I couldn’t really believe how much messing around is necessary to get PHP to function correctly, and to properly use the PEAR modules. I have probably spent two hours modifying the php.ini file based on what I have found on and around the internet.

My webapp, needed sessions and of course I kept getting warnings and critcal errors from PHP. I found so much information that was just plain wrong and probably never was correct. My latest problem in this epic battle was this warning:

Warning: Unknown: Failed to write session data (files). Please verify that the current setting of session.save_path is correct () in Unknown on line 0

Eventually, I read through my PHP.ini file from start to finish and found this information:

; Argument passed to save_handler. In the case of files, this is the path
; where data files are stored. Note: Windows users have to change this
; variable in order to use PHP’s session functions.

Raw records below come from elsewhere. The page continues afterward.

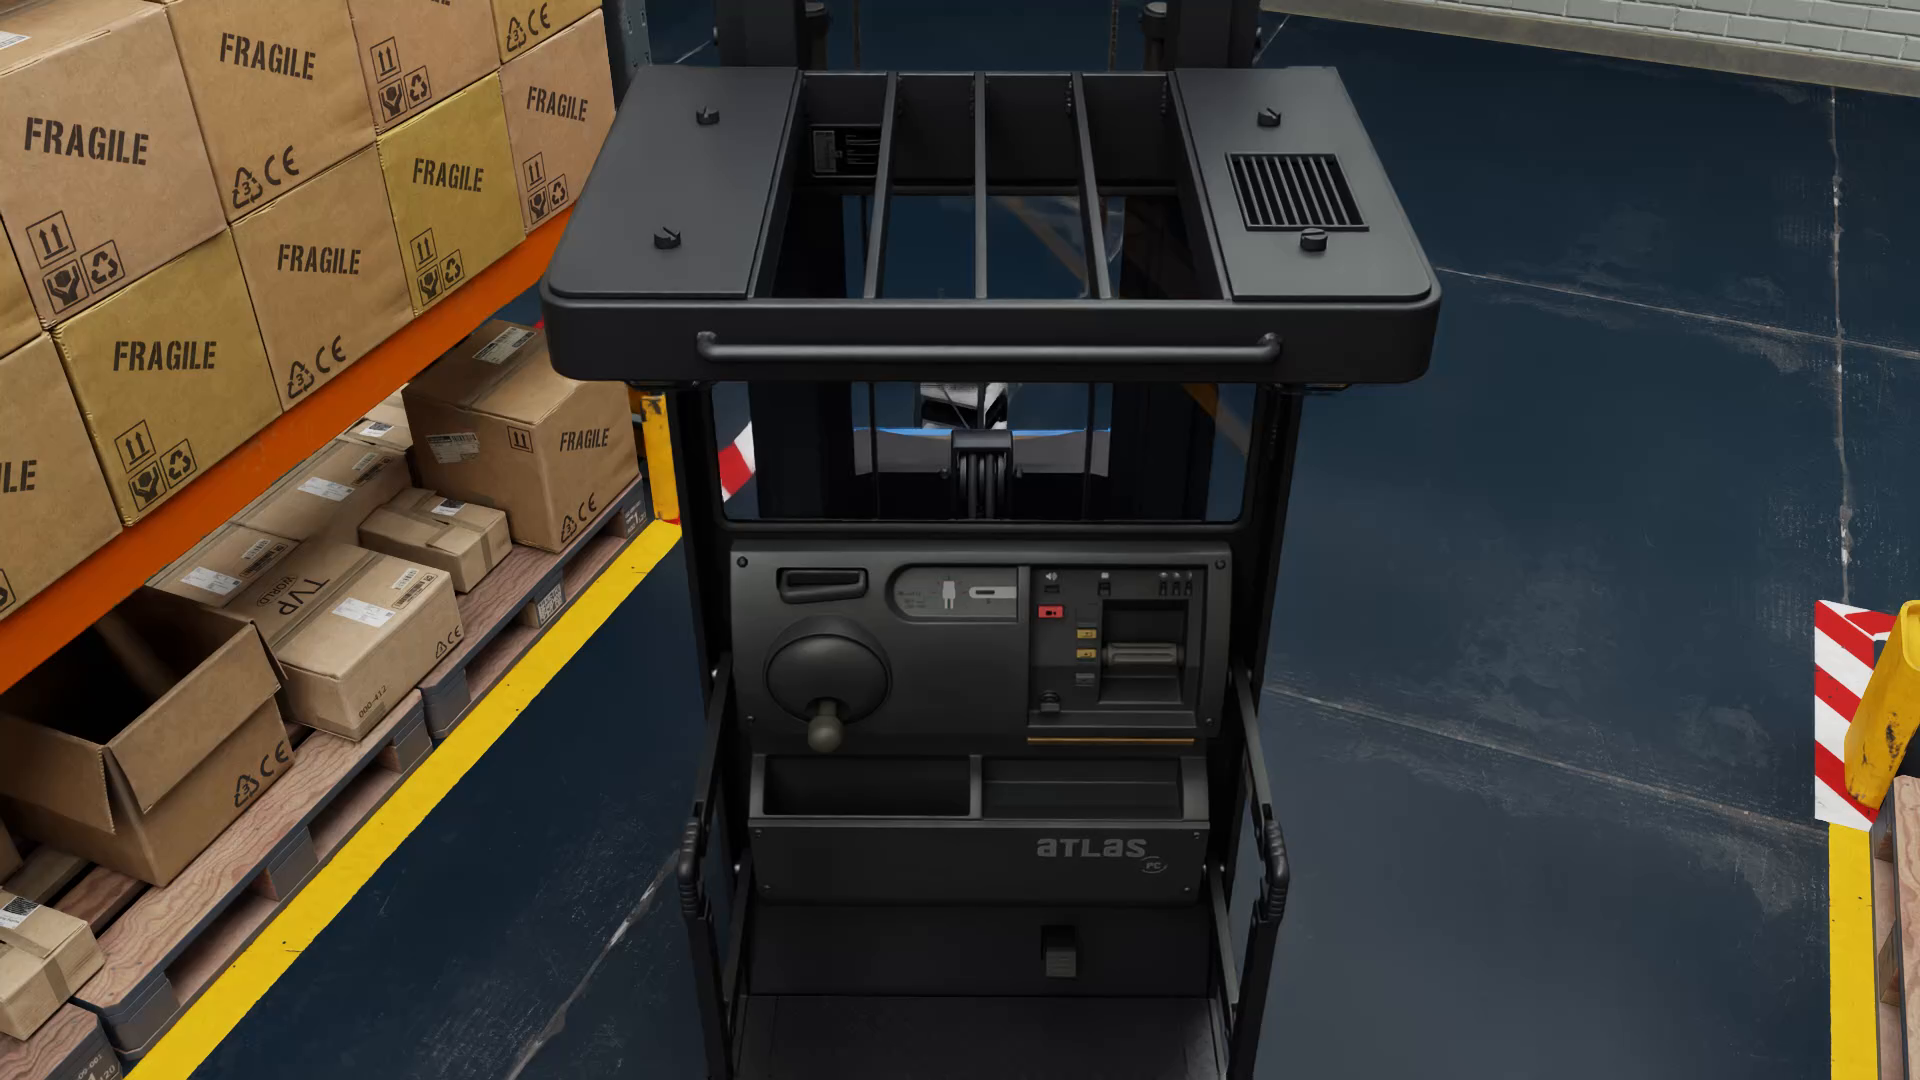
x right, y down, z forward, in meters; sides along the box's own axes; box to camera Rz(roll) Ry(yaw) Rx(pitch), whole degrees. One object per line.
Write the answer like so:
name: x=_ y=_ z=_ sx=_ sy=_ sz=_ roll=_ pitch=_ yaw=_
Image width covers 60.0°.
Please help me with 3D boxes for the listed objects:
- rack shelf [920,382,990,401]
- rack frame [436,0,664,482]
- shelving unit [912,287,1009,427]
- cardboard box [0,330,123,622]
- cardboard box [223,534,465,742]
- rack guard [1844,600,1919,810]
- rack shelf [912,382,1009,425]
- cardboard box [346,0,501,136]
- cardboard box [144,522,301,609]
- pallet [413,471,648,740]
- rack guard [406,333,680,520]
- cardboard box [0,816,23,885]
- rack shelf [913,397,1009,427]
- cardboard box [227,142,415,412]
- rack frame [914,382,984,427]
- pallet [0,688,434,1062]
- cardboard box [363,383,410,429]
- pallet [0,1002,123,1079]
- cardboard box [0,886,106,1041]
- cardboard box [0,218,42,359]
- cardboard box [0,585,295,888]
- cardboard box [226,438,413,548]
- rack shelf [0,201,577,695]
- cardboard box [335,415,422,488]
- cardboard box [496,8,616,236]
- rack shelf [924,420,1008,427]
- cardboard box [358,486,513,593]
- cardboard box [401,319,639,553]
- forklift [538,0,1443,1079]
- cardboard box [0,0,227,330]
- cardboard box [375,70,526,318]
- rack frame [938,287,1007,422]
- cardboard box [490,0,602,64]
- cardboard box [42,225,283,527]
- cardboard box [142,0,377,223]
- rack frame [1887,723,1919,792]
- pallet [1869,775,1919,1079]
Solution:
rack shelf: x=0.003 y=-0.555 z=5.345 sx=0.258 sy=0.077 sz=0.200 roll=14 pitch=39 yaw=18
rack frame: x=-1.440 y=-1.529 z=5.291 sx=1.000 sy=3.000 sz=0.127 roll=14 pitch=39 yaw=18
shelving unit: x=0.003 y=-0.365 z=5.487 sx=0.258 sy=0.900 sz=0.210 roll=14 pitch=39 yaw=18
cardboard box: x=-2.132 y=-0.136 z=3.342 sx=0.500 sy=0.500 sz=0.500 roll=14 pitch=39 yaw=18
cardboard box: x=-1.808 y=0.272 z=4.810 sx=0.500 sy=0.250 sz=0.500 roll=14 pitch=39 yaw=18
rack guard: x=3.136 y=0.586 z=4.548 sx=1.175 sy=0.500 sz=0.348 roll=14 pitch=39 yaw=18
rack shelf: x=0.003 y=-0.482 z=5.399 sx=0.258 sy=0.077 sz=0.200 roll=14 pitch=39 yaw=18
cardboard box: x=-1.547 y=-1.381 z=4.173 sx=0.500 sy=0.500 sz=0.500 roll=15 pitch=39 yaw=19
cardboard box: x=-2.290 y=0.186 z=4.925 sx=0.500 sy=0.250 sz=0.500 roll=14 pitch=39 yaw=18
pallet: x=-1.771 y=0.071 z=5.479 sx=1.003 sy=0.211 sz=1.213 roll=14 pitch=39 yaw=18
rack guard: x=-1.469 y=-0.486 z=5.983 sx=1.175 sy=0.500 sz=0.348 roll=14 pitch=39 yaw=18
cardboard box: x=-2.722 y=0.791 z=4.065 sx=0.500 sy=0.311 sz=0.500 roll=14 pitch=39 yaw=18
rack shelf: x=0.003 y=-0.410 z=5.453 sx=0.258 sy=0.077 sz=0.200 roll=14 pitch=39 yaw=18
cardboard box: x=-1.748 y=-0.696 z=4.093 sx=0.500 sy=0.500 sz=0.500 roll=14 pitch=39 yaw=18
rack frame: x=-0.036 y=-0.309 z=5.411 sx=0.240 sy=0.900 sz=0.006 roll=14 pitch=39 yaw=18
pallet: x=-2.237 y=0.744 z=4.578 sx=1.003 sy=0.211 sz=1.213 roll=14 pitch=39 yaw=18
cardboard box: x=-1.917 y=-0.410 z=5.807 sx=0.380 sy=0.149 sz=0.250 roll=14 pitch=39 yaw=18
pallet: x=-2.700 y=1.422 z=3.671 sx=1.003 sy=0.211 sz=1.213 roll=14 pitch=39 yaw=18
cardboard box: x=-2.282 y=0.980 z=3.933 sx=0.380 sy=0.166 sz=0.250 roll=14 pitch=39 yaw=18
cardboard box: x=-2.131 y=-0.522 z=3.025 sx=0.500 sy=0.500 sz=0.500 roll=13 pitch=39 yaw=16
cardboard box: x=-2.252 y=0.468 z=4.337 sx=0.797 sy=0.503 sz=0.637 roll=14 pitch=39 yaw=18
cardboard box: x=-2.100 y=-0.091 z=5.296 sx=0.500 sy=0.250 sz=0.500 roll=14 pitch=39 yaw=18
rack shelf: x=-2.201 y=-0.134 z=4.025 sx=1.077 sy=0.370 sz=4.000 roll=14 pitch=39 yaw=18
cardboard box: x=-2.012 y=-0.279 z=5.617 sx=0.380 sy=0.166 sz=0.250 roll=14 pitch=39 yaw=18
cardboard box: x=-1.359 y=-1.259 z=4.846 sx=0.500 sy=0.500 sz=0.500 roll=15 pitch=39 yaw=19
rack shelf: x=0.003 y=-0.338 z=5.507 sx=0.258 sy=0.077 sz=0.200 roll=14 pitch=39 yaw=18
cardboard box: x=-1.657 y=-0.010 z=5.257 sx=0.380 sy=0.166 sz=0.250 roll=14 pitch=39 yaw=18
cardboard box: x=-1.419 y=-0.347 z=5.430 sx=0.500 sy=0.500 sz=0.500 roll=14 pitch=39 yaw=18
forklift: x=0.039 y=0.269 z=2.942 sx=1.130 sy=2.935 sz=3.031 roll=0 pitch=37 yaw=0
cardboard box: x=-1.935 y=-0.809 z=3.408 sx=0.500 sy=0.500 sz=0.500 roll=15 pitch=39 yaw=19
cardboard box: x=-1.553 y=-0.971 z=4.461 sx=0.500 sy=0.500 sz=0.500 roll=14 pitch=39 yaw=18
rack frame: x=0.042 y=-0.421 z=5.562 sx=0.240 sy=0.900 sz=0.006 roll=14 pitch=39 yaw=18
cardboard box: x=-1.355 y=-1.661 z=4.548 sx=0.500 sy=0.500 sz=0.500 roll=14 pitch=39 yaw=17
cardboard box: x=-1.940 y=-0.418 z=3.720 sx=0.500 sy=0.500 sz=0.500 roll=13 pitch=39 yaw=17
cardboard box: x=-1.740 y=-1.093 z=3.788 sx=0.500 sy=0.500 sz=0.500 roll=15 pitch=39 yaw=19
rack frame: x=3.139 y=-0.399 z=3.778 sx=1.000 sy=3.000 sz=0.127 roll=14 pitch=39 yaw=18
pallet: x=2.790 y=1.166 z=4.014 sx=1.003 sy=0.211 sz=1.213 roll=14 pitch=39 yaw=18
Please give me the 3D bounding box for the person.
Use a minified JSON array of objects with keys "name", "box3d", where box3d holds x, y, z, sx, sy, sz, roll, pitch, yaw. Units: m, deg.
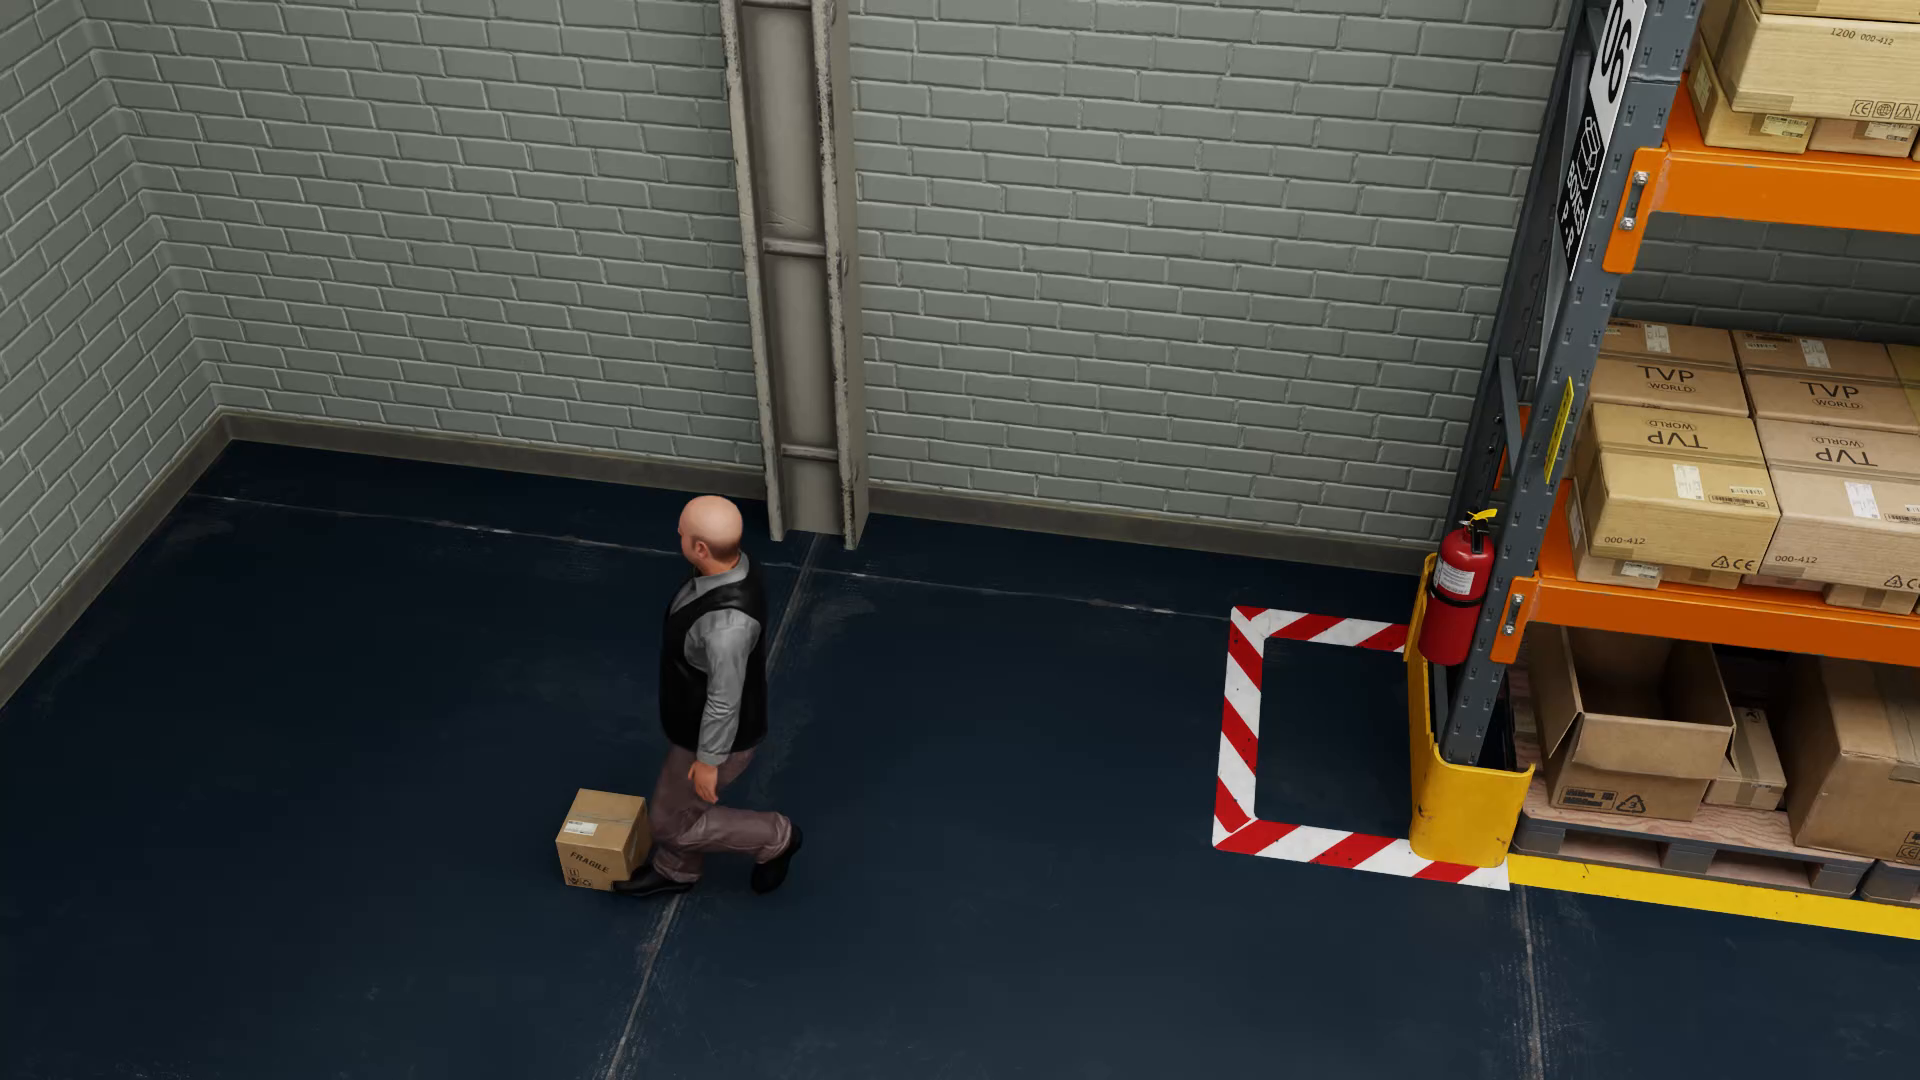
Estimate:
[{"name":"person","box3d":[-0.904,0.586,5.481,0.700,1.699,0.603,-4,40,-4]}]

; As of PHP 4.0.1, you can define the path as:
; session.save_path = “N;/path”
; where N is an integer. Instead of storing all the session files in
; /path, what this will do is use subdirectories N-levels deep, and
; store the session data in those directories. This is useful if you
; or your OS have problems with lots of files in one directory, and is
; a more efficient layout for servers that handle lots of sessions.
; NOTE 1: PHP will not create this directory structure automatically.
; You can use the script in the ext/session dir for that purpose.
; NOTE 2: See the section on garbage collection below if you choose to
; use subdirectories for session storage
; The file storage module creates files using mode 600 by default.
; You can change that by using
;; session.save_path = “N;MODE;/path”
; where MODE is the octal representation of the mode. Note that this
; does not overwrite the process’s umask.

In conclusion, if you will run your web-enabled application on a Windows PC you must set the session.save_path to something and you must create the directory structure yourself. I am using the session.save_path = “C:temp” and recommend you do something similiar.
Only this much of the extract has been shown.